LISTED ENTRIES =
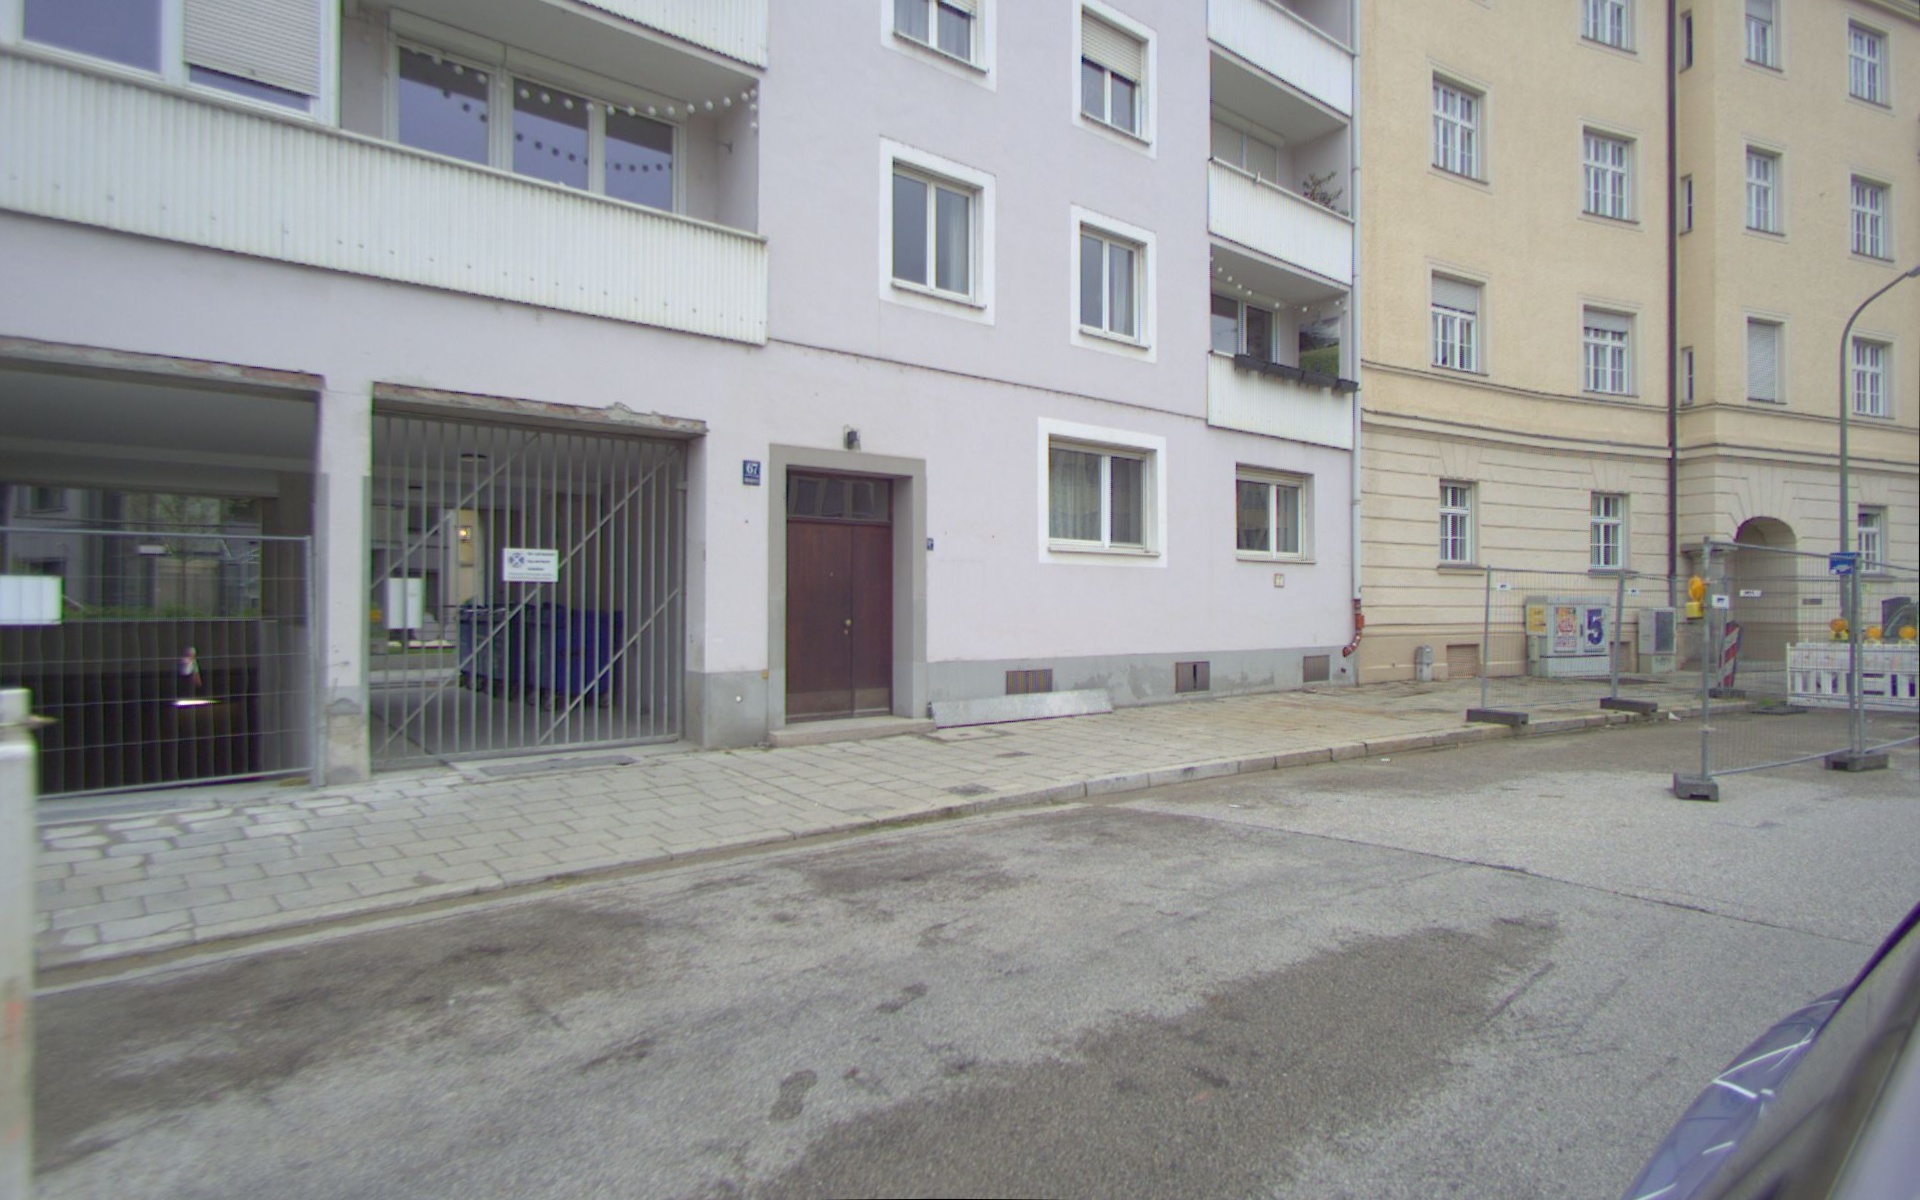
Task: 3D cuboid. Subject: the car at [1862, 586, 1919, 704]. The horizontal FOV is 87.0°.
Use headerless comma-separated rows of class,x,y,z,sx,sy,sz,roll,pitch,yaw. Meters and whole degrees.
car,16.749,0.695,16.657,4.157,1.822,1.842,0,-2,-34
---
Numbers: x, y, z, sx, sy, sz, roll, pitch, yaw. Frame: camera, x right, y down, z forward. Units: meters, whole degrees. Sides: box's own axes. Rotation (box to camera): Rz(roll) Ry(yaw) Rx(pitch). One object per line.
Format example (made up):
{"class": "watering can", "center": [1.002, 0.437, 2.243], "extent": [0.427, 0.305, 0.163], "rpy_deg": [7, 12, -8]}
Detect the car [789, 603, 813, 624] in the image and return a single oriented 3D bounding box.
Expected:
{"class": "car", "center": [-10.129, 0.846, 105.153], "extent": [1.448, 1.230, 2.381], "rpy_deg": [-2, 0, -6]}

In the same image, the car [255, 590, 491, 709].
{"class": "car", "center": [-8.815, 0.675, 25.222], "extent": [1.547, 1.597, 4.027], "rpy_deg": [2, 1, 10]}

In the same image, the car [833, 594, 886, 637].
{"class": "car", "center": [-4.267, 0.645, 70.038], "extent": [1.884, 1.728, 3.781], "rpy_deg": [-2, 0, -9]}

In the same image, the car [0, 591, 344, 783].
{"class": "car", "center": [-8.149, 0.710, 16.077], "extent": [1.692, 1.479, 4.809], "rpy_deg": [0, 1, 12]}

YOUR OBJECTIVE =
From the records above, retype only the lines starting at the line that contains "Numbers: x, y, z, sx, sy, sz, roll, pitch, yaw." and ending at the line that contains "Detect the car", both included.

TASK RESPONSE =
Numbers: x, y, z, sx, sy, sz, roll, pitch, yaw. Frame: camera, x right, y down, z forward. Units: meters, whole degrees. Sides: box's own axes. Rotation (box to camera): Rz(roll) Ry(yaw) Rx(pitch). One object per line.
Format example (made up):
{"class": "watering can", "center": [1.002, 0.437, 2.243], "extent": [0.427, 0.305, 0.163], "rpy_deg": [7, 12, -8]}
Detect the car [789, 603, 813, 624] in the image and return a single oriented 3D bounding box.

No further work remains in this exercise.